True, but it makes cables more expensive.

More expensive then separate power and separate data cable? If this ATX12V0 becomes a thing, you'll need a power cable (since it won't come off your power supply) and a data cable. Can't really see that being more expensive then a data + power cable. Only time would tell though. Probably not the best example but there are USB C PD cables that can do up to 100 watts and do data transfer for only $8 a cable. Compare that to a USB cable + Some external power source costs. And no i'm not saying USB is perfect at this, i'm certain there are issues, i'm just saying it's possible without being expensive and i really think overall it'd be less expensive then having to buy a power cable + data cable which is what you'd likely have to do unless PSU's, even non-modular ones, started coming with many cables not attached.

Fox2232:

But anyone who is sitting on multiple 1~2TB SATA3 SSDs will not be happy about incompatibility if board does not have enough (or any) legacy SATA3 ports.

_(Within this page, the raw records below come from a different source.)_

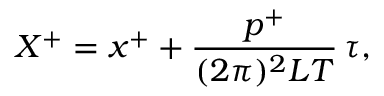<formula> <loc_0><loc_0><loc_500><loc_500>X ^ { + } = x ^ { + } + \frac { p ^ { + } } { ( 2 \pi ) ^ { 2 } L T } \, \tau ,</formula> 
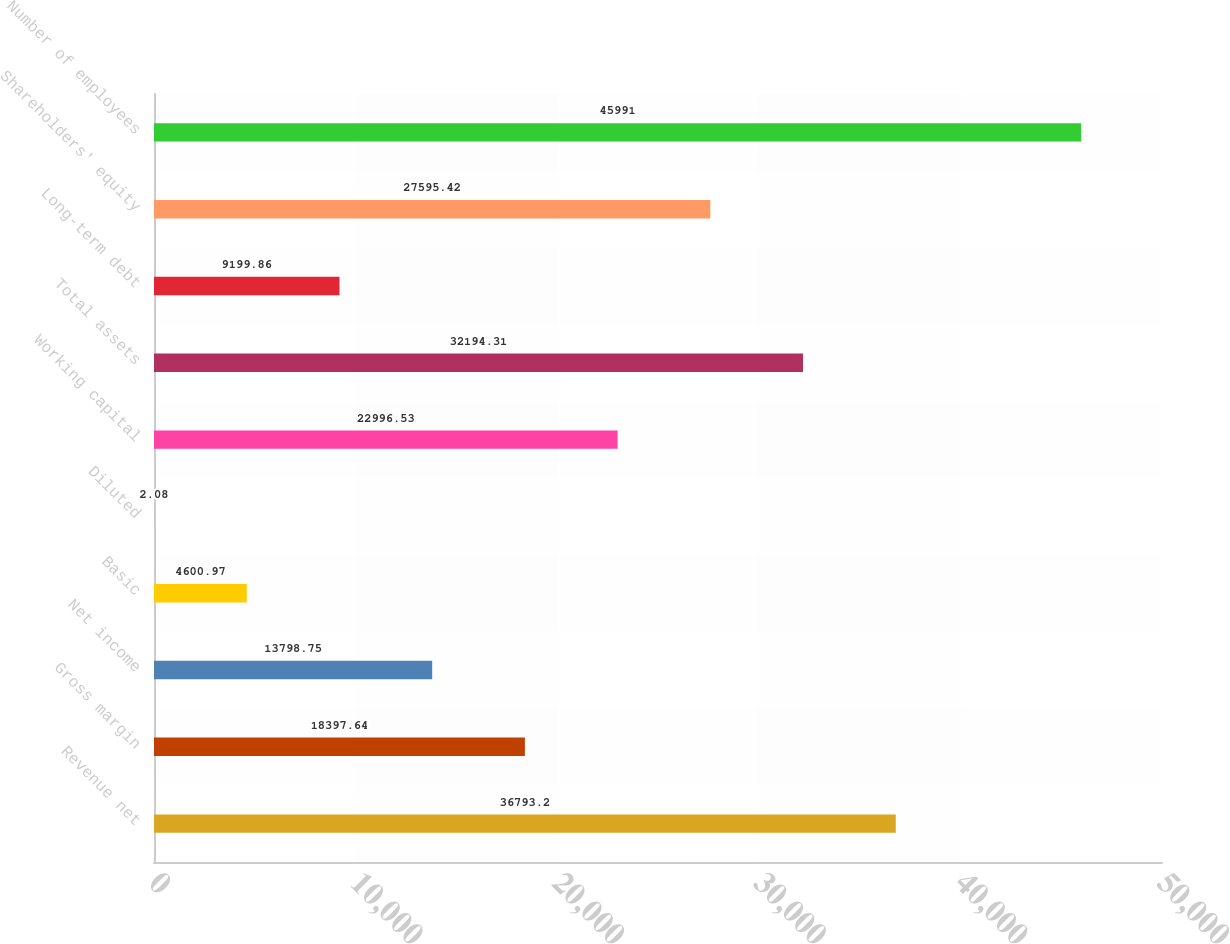<chart> <loc_0><loc_0><loc_500><loc_500><bar_chart><fcel>Revenue net<fcel>Gross margin<fcel>Net income<fcel>Basic<fcel>Diluted<fcel>Working capital<fcel>Total assets<fcel>Long-term debt<fcel>Shareholders' equity<fcel>Number of employees<nl><fcel>36793.2<fcel>18397.6<fcel>13798.8<fcel>4600.97<fcel>2.08<fcel>22996.5<fcel>32194.3<fcel>9199.86<fcel>27595.4<fcel>45991<nl></chart> 
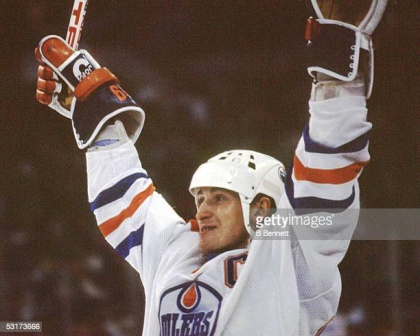Imagine a creative backstory for this player. Once upon a frozen rink, there was a young boy named Alex who grew up in a quaint Canadian town known for its love of hockey. From the moment he could walk, Alex was mesmerized by the sport. He would often sneak into the local rink, spending hours practicing his shots and imagining the roar of the crowd.

Years passed, and Alex's passion for hockey only deepened. Despite facing numerous setbacks, including a severe injury that almost ended his career, his determination never wavered. With the support of his family and community, Alex made a triumphant return to the ice.

This image captures Alex's ultimate moment of glory. After clinching the winning goal in the championship game, he raises his arms in a heartfelt tribute to everyone who believed in him. This moment is not just about a game; it symbolizes a journey filled with perseverance, hope, and an unyielding spirit. If you could write a short poem inspired by this image, what would it be? In the icy glow of the spotlight's shine,
A hero's heart crosses the victory line.
With sticks and gloves raised to the sky,
He answers the long-awaited cry.
Through trials, tears, and endless fight,
He basks in the glory of tonight.
A moment frozen in time's embrace,
The triumph of his steadfast race. 
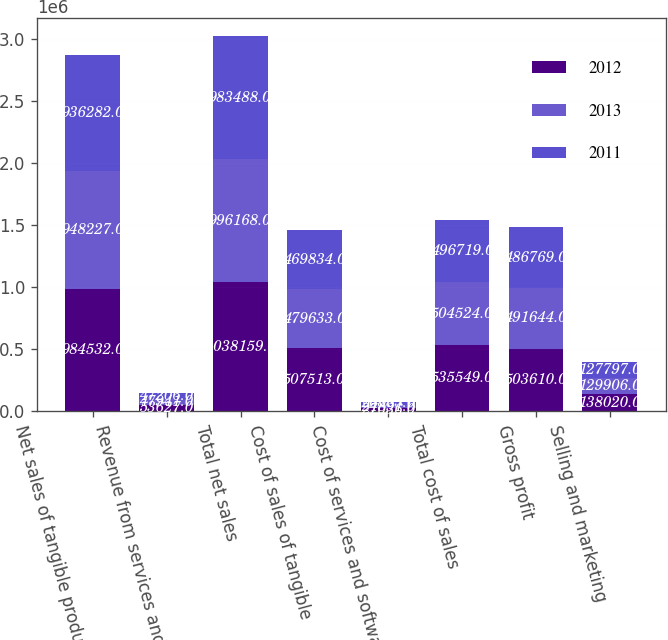Convert chart to OTSL. <chart><loc_0><loc_0><loc_500><loc_500><stacked_bar_chart><ecel><fcel>Net sales of tangible products<fcel>Revenue from services and<fcel>Total net sales<fcel>Cost of sales of tangible<fcel>Cost of services and software<fcel>Total cost of sales<fcel>Gross profit<fcel>Selling and marketing<nl><fcel>2012<fcel>984532<fcel>53627<fcel>1.03816e+06<fcel>507513<fcel>27036<fcel>535549<fcel>503610<fcel>138020<nl><fcel>2013<fcel>948227<fcel>47941<fcel>996168<fcel>479633<fcel>24891<fcel>504524<fcel>491644<fcel>129906<nl><fcel>2011<fcel>936282<fcel>47206<fcel>983488<fcel>469834<fcel>26885<fcel>496719<fcel>486769<fcel>127797<nl></chart> 
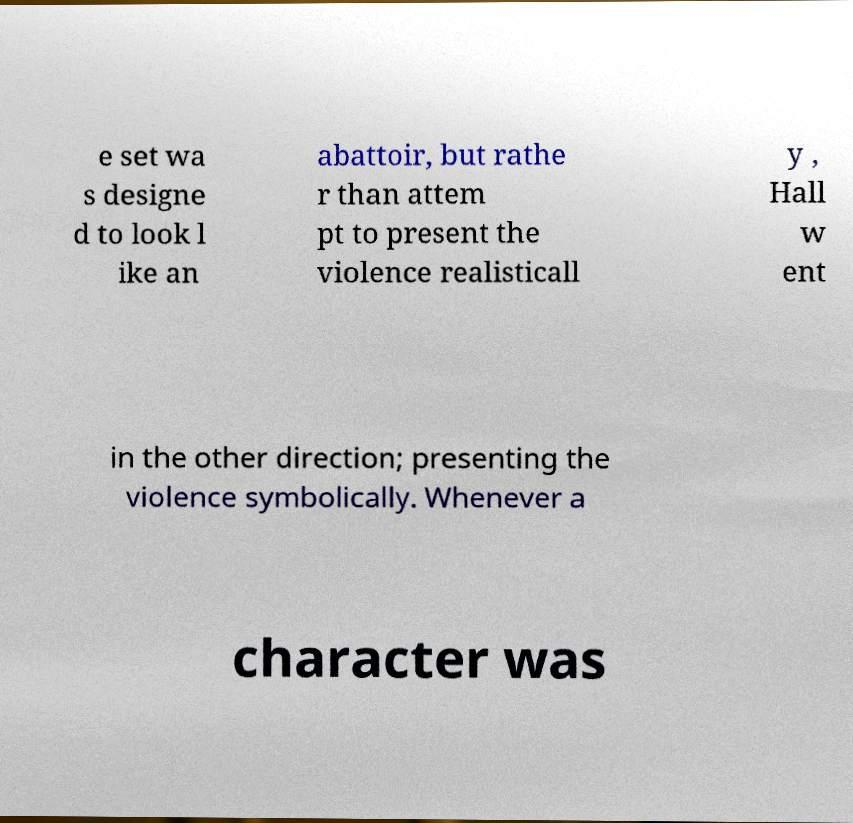There's text embedded in this image that I need extracted. Can you transcribe it verbatim? e set wa s designe d to look l ike an abattoir, but rathe r than attem pt to present the violence realisticall y , Hall w ent in the other direction; presenting the violence symbolically. Whenever a character was

I also don't see where there wouldn't be converting cables. If it was still SATA3 (or backwards compatible) there's no reason there wouldn't be cables that terminate the power and end with a standard (current) data connection or split on the other end to a current standard data connection and power cable. But you're right that it would be a fairly big change, but big changes happen, that's part of what technology is. Personally if this were to become a thing i'd hope that U.2 would become more common, as i understand it anyways, it's already doing what i suggest would happen. U.2, again unless i'm wrong, uses a single cable from the motherboard to the drive, providing PCI-Express lanes similar to M.2, and power, all in one cable. U.2 cables are expensive right now so it may not be the best example again, but that also may simply be due to popularity of the standard and for some reason every one i find has a SATA power cable on it for some reason? Edit: Nevermind, i see why the sata power is there, apparently it needs additional power, which is disappointing....especially since NVME drives get enough power from the M.2 connection. Point being though, since M.2 Drives get power from the motherboard, there should be no major hurdle to make it so it's all part of a U.2-like connection.

12v to the mobo, 12v to the GPU, 12v to a SATA backplane for harddisks, only when necessary. M.2 drives for fast storage, doesn't need power cables. SATA for SSDs is already on it's way into the history books... LED controllers and such can easily be powered by 12v, since they contain PWM DC-DC already inside them... Everything else USB. This is the future of computers for sure.